### [Exercise goal]
Without the pictures, copy all of the data exactly.

*** Records for this task ***

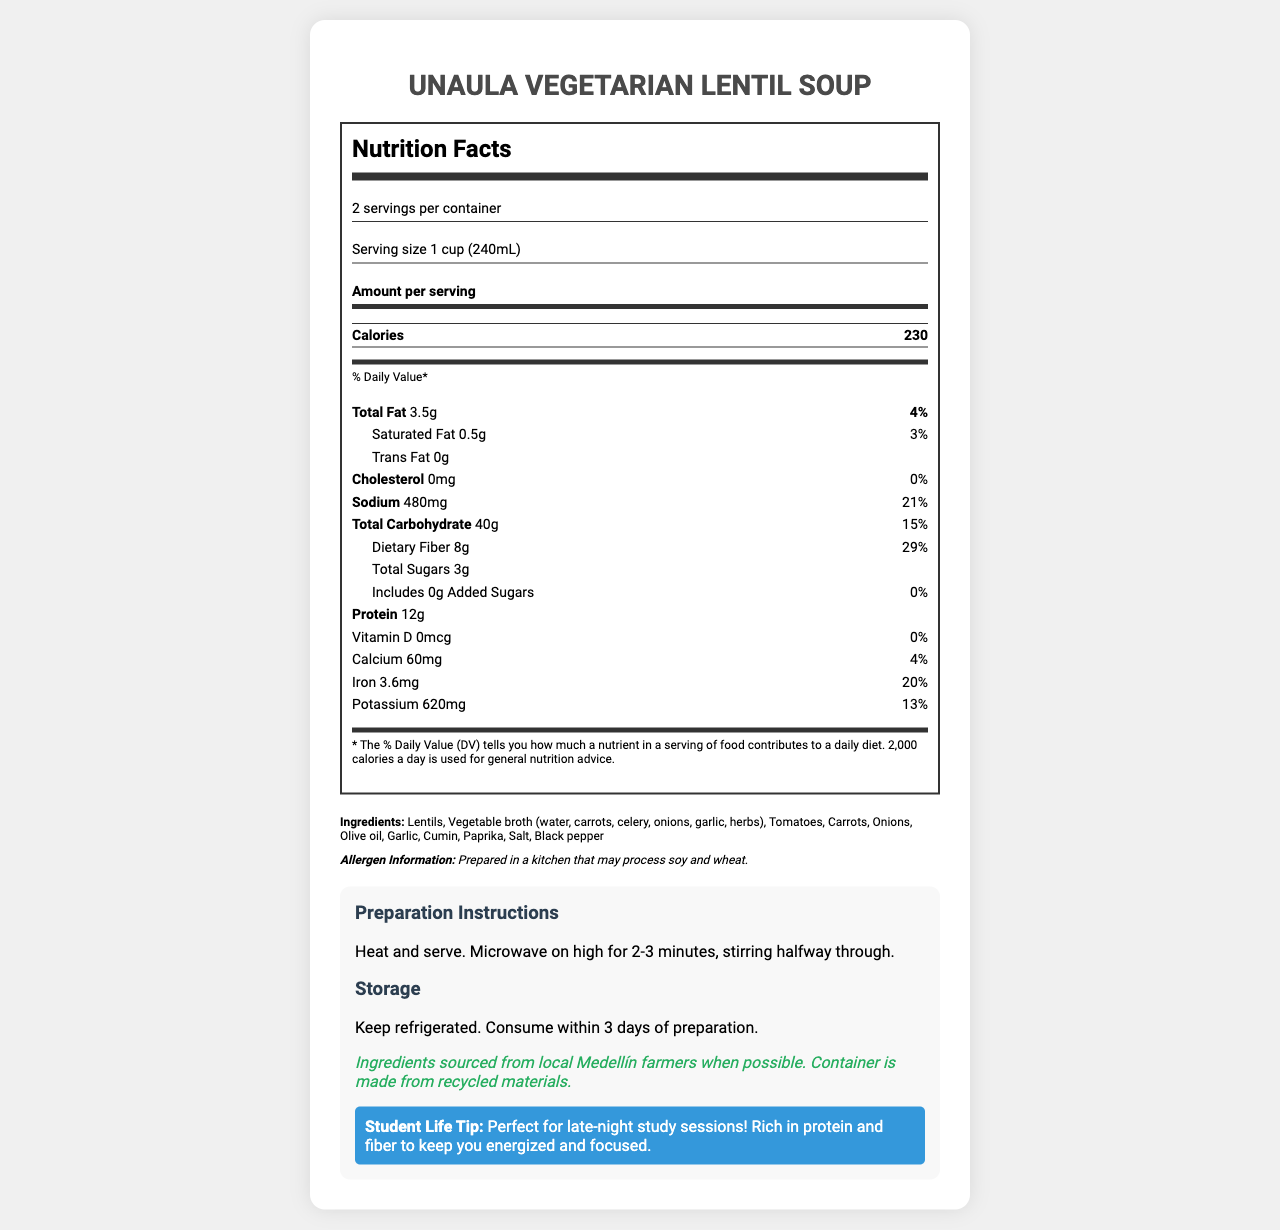what is the serving size of the vegetarian lentil soup? The serving size is clearly mentioned in the document as "1 cup (240mL)".
Answer: 1 cup (240mL) how many servings are in one container of the soup? The document states that there are 2 servings per container.
Answer: 2 what is the amount of protein per serving? According to the nutrition facts, each serving contains 12 grams of protein.
Answer: 12g what is the total fat content per serving? The nutrition label specifies that the total fat content per serving is 3.5 grams.
Answer: 3.5g how much dietary fiber is in each serving? The document lists the dietary fiber content per serving as 8 grams.
Answer: 8g how much iron does one serving of the soup provide? A. 3.6mg B. 2.5mg C. 4mg The document states that one serving of the soup provides 3.6mg of iron.
Answer: A. 3.6mg what is the daily value percentage of sodium in one serving? A. 15% B. 21% C. 29% D. 40% The daily value percentage for sodium per serving is listed as 21%.
Answer: B. 21% what kind of broth is used in the soup? The ingredients section mentions vegetable broth made from water, carrots, celery, onions, garlic, and herbs.
Answer: Vegetable broth Is the soup appropriate for people with soy or wheat allergies? The allergen information states that it is prepared in a kitchen that may process soy and wheat.
Answer: No is there any added sugar in the soup? The document mentions that the soup has 0 grams of added sugars.
Answer: No describe the main idea of the document The document details various aspects of the UNAULA Vegetarian Lentil Soup, such as nutritional content per serving, ingredients, allergen info, how to prepare and store the soup, sustainability efforts, and tips for students.
Answer: The document provides the nutrition facts for UNAULA Vegetarian Lentil Soup, including details about serving size, calories, and the nutritional content per serving. It also lists the ingredients, allergen information, preparation instructions, storage guidelines, and additional notes on sustainability and student life tips. how long should you microwave the soup for preparation? The preparation instructions say to microwave the soup on high for 2-3 minutes, stirring halfway through.
Answer: 2-3 minutes what is the container made from? The sustainability note mentions that the container is made from recycled materials.
Answer: Recycled materials what is the main source of protein in the soup? Although not explicitly stated, it is reasonable to infer that lentils, being a primary ingredient and a known protein source, are the main source of protein.
Answer: Lentils how many calories are in one serving of the soup? The document states that each serving of the soup contains 230 calories.
Answer: 230 what type of information is listed under "extra-info"? The "extra-info" section of the document includes preparation instructions, storage guidelines, a sustainability note, and a student life tip.
Answer: Preparation instructions, storage, sustainability note, student life tip how many grams of total carbohydrate are in one serving? The total carbohydrate content per serving is listed as 40 grams.
Answer: 40g can you determine the cooking method for the soup? The document provides preparation instructions for heating the soup but does not detail the initial cooking method used to prepare it.
Answer: Not enough information 
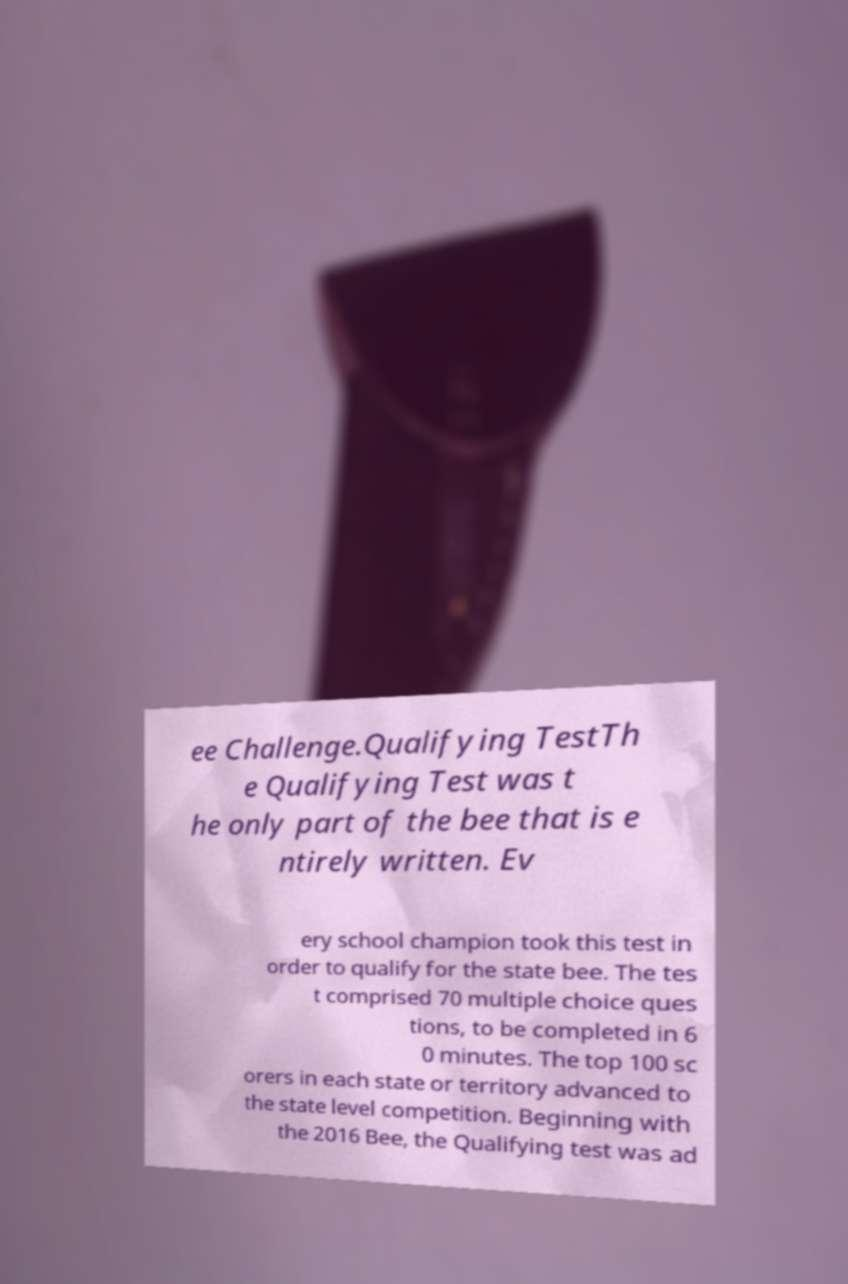I need the written content from this picture converted into text. Can you do that? ee Challenge.Qualifying TestTh e Qualifying Test was t he only part of the bee that is e ntirely written. Ev ery school champion took this test in order to qualify for the state bee. The tes t comprised 70 multiple choice ques tions, to be completed in 6 0 minutes. The top 100 sc orers in each state or territory advanced to the state level competition. Beginning with the 2016 Bee, the Qualifying test was ad 
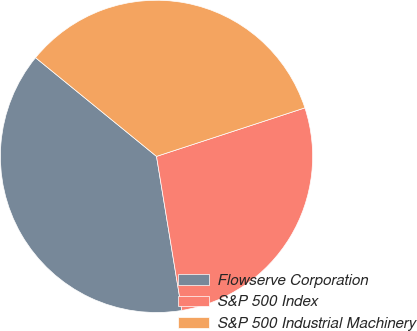Convert chart to OTSL. <chart><loc_0><loc_0><loc_500><loc_500><pie_chart><fcel>Flowserve Corporation<fcel>S&P 500 Index<fcel>S&P 500 Industrial Machinery<nl><fcel>38.48%<fcel>27.44%<fcel>34.08%<nl></chart> 
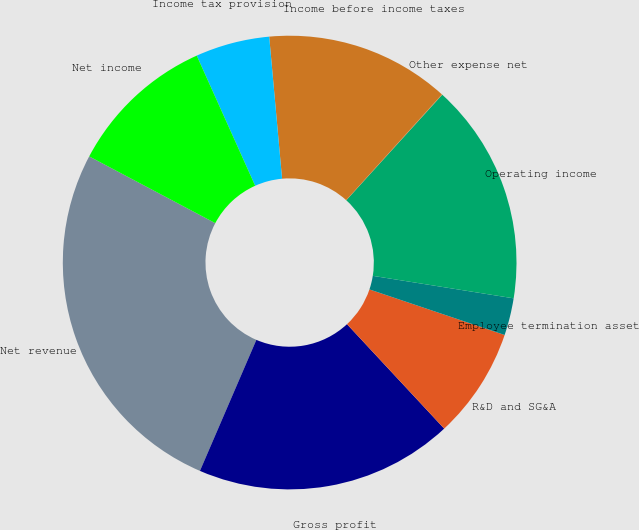<chart> <loc_0><loc_0><loc_500><loc_500><pie_chart><fcel>Net revenue<fcel>Gross profit<fcel>R&D and SG&A<fcel>Employee termination asset<fcel>Operating income<fcel>Other expense net<fcel>Income before income taxes<fcel>Income tax provision<fcel>Net income<nl><fcel>26.28%<fcel>18.4%<fcel>7.9%<fcel>2.65%<fcel>15.78%<fcel>0.03%<fcel>13.15%<fcel>5.28%<fcel>10.53%<nl></chart>

*** End of Records for this task ***

### [Answer for the task]
what is the serving size of the vegetarian lentil soup? The serving size is clearly mentioned in the document as "1 cup (240mL)".
Answer: 1 cup (240mL) how many servings are in one container of the soup? The document states that there are 2 servings per container.
Answer: 2 what is the amount of protein per serving? According to the nutrition facts, each serving contains 12 grams of protein.
Answer: 12g what is the total fat content per serving? The nutrition label specifies that the total fat content per serving is 3.5 grams.
Answer: 3.5g how much dietary fiber is in each serving? The document lists the dietary fiber content per serving as 8 grams.
Answer: 8g how much iron does one serving of the soup provide? A. 3.6mg B. 2.5mg C. 4mg The document states that one serving of the soup provides 3.6mg of iron.
Answer: A. 3.6mg what is the daily value percentage of sodium in one serving? A. 15% B. 21% C. 29% D. 40% The daily value percentage for sodium per serving is listed as 21%.
Answer: B. 21% what kind of broth is used in the soup? The ingredients section mentions vegetable broth made from water, carrots, celery, onions, garlic, and herbs.
Answer: Vegetable broth Is the soup appropriate for people with soy or wheat allergies? The allergen information states that it is prepared in a kitchen that may process soy and wheat.
Answer: No is there any added sugar in the soup? The document mentions that the soup has 0 grams of added sugars.
Answer: No describe the main idea of the document The document details various aspects of the UNAULA Vegetarian Lentil Soup, such as nutritional content per serving, ingredients, allergen info, how to prepare and store the soup, sustainability efforts, and tips for students.
Answer: The document provides the nutrition facts for UNAULA Vegetarian Lentil Soup, including details about serving size, calories, and the nutritional content per serving. It also lists the ingredients, allergen information, preparation instructions, storage guidelines, and additional notes on sustainability and student life tips. how long should you microwave the soup for preparation? The preparation instructions say to microwave the soup on high for 2-3 minutes, stirring halfway through.
Answer: 2-3 minutes what is the container made from? The sustainability note mentions that the container is made from recycled materials.
Answer: Recycled materials what is the main source of protein in the soup? Although not explicitly stated, it is reasonable to infer that lentils, being a primary ingredient and a known protein source, are the main source of protein.
Answer: Lentils how many calories are in one serving of the soup? The document states that each serving of the soup contains 230 calories.
Answer: 230 what type of information is listed under "extra-info"? The "extra-info" section of the document includes preparation instructions, storage guidelines, a sustainability note, and a student life tip.
Answer: Preparation instructions, storage, sustainability note, student life tip how many grams of total carbohydrate are in one serving? The total carbohydrate content per serving is listed as 40 grams.
Answer: 40g can you determine the cooking method for the soup? The document provides preparation instructions for heating the soup but does not detail the initial cooking method used to prepare it.
Answer: Not enough information 
I need the written content from this picture converted into text. Can you do that? ee Challenge.Qualifying TestTh e Qualifying Test was t he only part of the bee that is e ntirely written. Ev ery school champion took this test in order to qualify for the state bee. The tes t comprised 70 multiple choice ques tions, to be completed in 6 0 minutes. The top 100 sc orers in each state or territory advanced to the state level competition. Beginning with the 2016 Bee, the Qualifying test was ad 
Convert chart to OTSL. <chart><loc_0><loc_0><loc_500><loc_500><pie_chart><fcel>Flowserve Corporation<fcel>S&P 500 Index<fcel>S&P 500 Industrial Machinery<nl><fcel>38.48%<fcel>27.44%<fcel>34.08%<nl></chart> 
<chart> <loc_0><loc_0><loc_500><loc_500><pie_chart><fcel>Net revenue<fcel>Gross profit<fcel>R&D and SG&A<fcel>Employee termination asset<fcel>Operating income<fcel>Other expense net<fcel>Income before income taxes<fcel>Income tax provision<fcel>Net income<nl><fcel>26.28%<fcel>18.4%<fcel>7.9%<fcel>2.65%<fcel>15.78%<fcel>0.03%<fcel>13.15%<fcel>5.28%<fcel>10.53%<nl></chart>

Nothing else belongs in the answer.